Berkshire Hathaway’s balance sheet shows a similar expansion. Total assets in 2009 were 297,119 million dollars, but in the January-March period of 2023, they will expand to approximately 997,072 million dollars (140 trillion yen).
Negative attitude towards cryptocurrencies
Warren Buffett’s investment philosophy is based on the belief that you should only invest in things that you can understand and grasp. As he describes himself as a “Circle of Competence,” he invests only in areas in which he has a deep knowledge and understanding, thereby minimizing risk and maximizing the future potential of the companies he invests in. can be evaluated accurately.
From this perspective, Buffett’s skepticism about Bitcoin and other cryptocurrencies is understandable. These assets lie outside his knowledge and understanding, or “circle of competence.”
connection:Buffett’s Camp Criticizes Bitcoin Again: “Shit Trading” “Rat Squaring”

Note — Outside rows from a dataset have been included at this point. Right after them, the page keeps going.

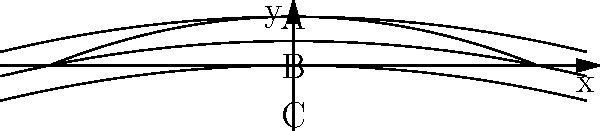In the context of international diplomacy and aeronautical engineering cooperation, consider the airfoil shape and flow patterns shown in the diagram. Which point (A, B, or C) is likely to experience the highest velocity, and how might this knowledge influence diplomatic negotiations for technology sharing in the aerospace industry? To answer this question, we need to consider the principles of fluid dynamics and their application to airfoil design:

1. Bernoulli's principle: As fluid velocity increases, pressure decreases, and vice versa.

2. Airfoil shape: The airfoil in the diagram has a curved upper surface and a relatively flat lower surface.

3. Flow patterns: The streamlines are closer together above the airfoil (near point A) compared to below it (near point C).

4. Continuity equation: For incompressible flow, the product of velocity and area remains constant. As the area between streamlines decreases, velocity must increase.

5. Analysis of points:
   - Point A: Streamlines are closest together, indicating the smallest area and thus the highest velocity.
   - Point B: On the surface of the airfoil, velocity is theoretically zero (no-slip condition).
   - Point C: Streamlines are further apart than at point A, indicating lower velocity.

6. Diplomatic implications:
   - Knowledge of advanced airfoil designs can be a valuable asset in international negotiations.
   - Countries with expertise in high-efficiency airfoils may have leverage in aerospace technology sharing agreements.
   - Understanding the physics behind airfoil performance can inform discussions on aircraft performance, fuel efficiency, and environmental impact.

Therefore, point A is likely to experience the highest velocity. This knowledge could be used as a bargaining chip in diplomatic negotiations, potentially influencing technology transfer agreements, joint research initiatives, or trade deals in the aerospace sector.
Answer: Point A; highest velocity knowledge can leverage aerospace technology sharing negotiations. 
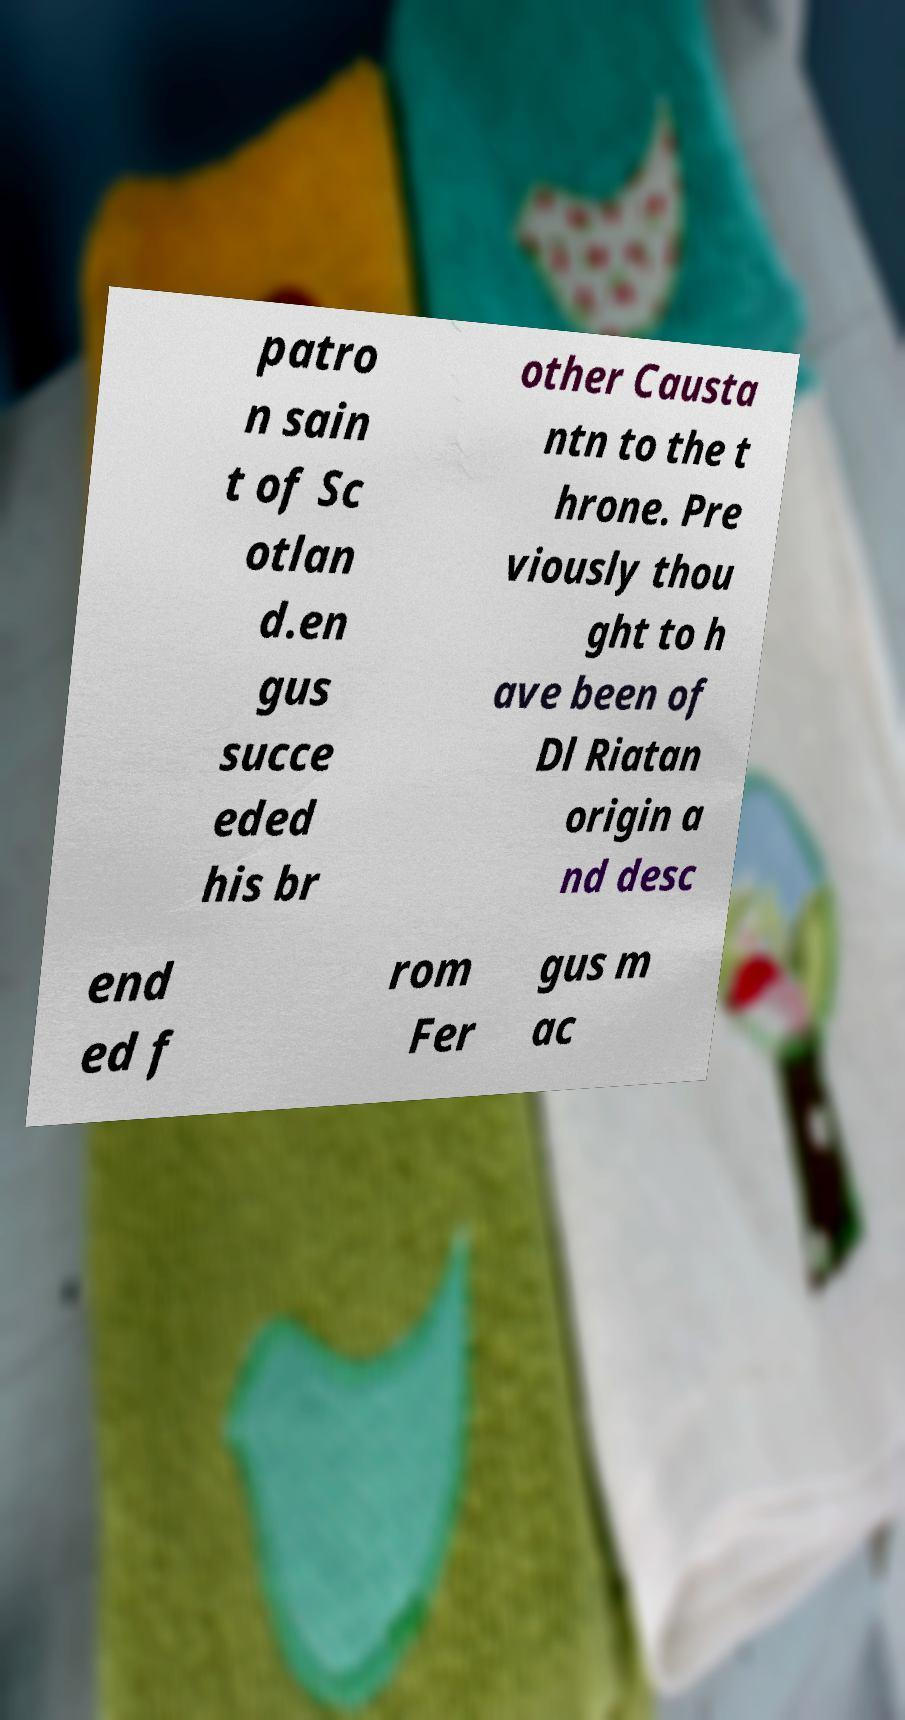What messages or text are displayed in this image? I need them in a readable, typed format. patro n sain t of Sc otlan d.en gus succe eded his br other Causta ntn to the t hrone. Pre viously thou ght to h ave been of Dl Riatan origin a nd desc end ed f rom Fer gus m ac

In the past, Buffett famously described Bitcoin as having “no intrinsic value” and even calling it “rat poison squared.” This is probably because Buffett sees the volatility of bitcoin’s price and the fact that it is difficult to see a specific source of value as a big departure from his easy-to-understand business model.
In a 2020 interview with CNBC, Buffett also said that “cryptocurrencies themselves don’t produce anything, they don’t give birth to anything, they can’t really do anything.”
And now, even in 2023, Buffett does not have a positive view of asset classes such as Bitcoin. He consistently avoids investments he doesn’t understand or where he doesn’t see intrinsic value.
But on the other hand, if you can understand it, you have the potential to change your opinion. One example is Apple stock, which is now a big investment.
Policy change on IT investment
Warren Buffett continues to evolve his investment strategy with the changing times without compromising his basic investment principles. A typical example of this is investment in the IT sector.
Buffett’s negative view of the IT field is known at the 1998 general meeting of shareholders, when he said, ‘I will not participate in games where there are people who are more advantageous than me.’ However, Berkshire Hathaway’s investment portfolio now accounts for approximately 49% of its total investment in information technology.
The turning point is said to be when Buffett acquired a large stake in Apple for the first time in the January-March quarter of 2016. Buffett saw Apple not just as a technology company, but as a consumer business with a loyal customer base.
In addition, there is an advantage to continuing to hold Apple stock because Apple’s profits are converted into cash and returned to shareholders. Apple has taken the form of returning profits directly to shareholders by paying dividends that started in 2012 and repurchasing its own shares that started the following year.
As of June 2023, Apple’s annual dividend per share is $0.96. Calculating from Berkshire Hathaway’s approximately 916 million shares, the company earns about $880 million in annual dividend income from Apple. It is an important source of working capital for Berkshire.
Buffett and his partner Charlie Munger, vice chairman of Berkshire Hathaway, are aged 92 and 99, respectively, and are always innovative when choosing investments. Their approach to flexibly evaluating investment targets and discovering potential without being bound by stereotypes has been one of the reasons for their long-term success.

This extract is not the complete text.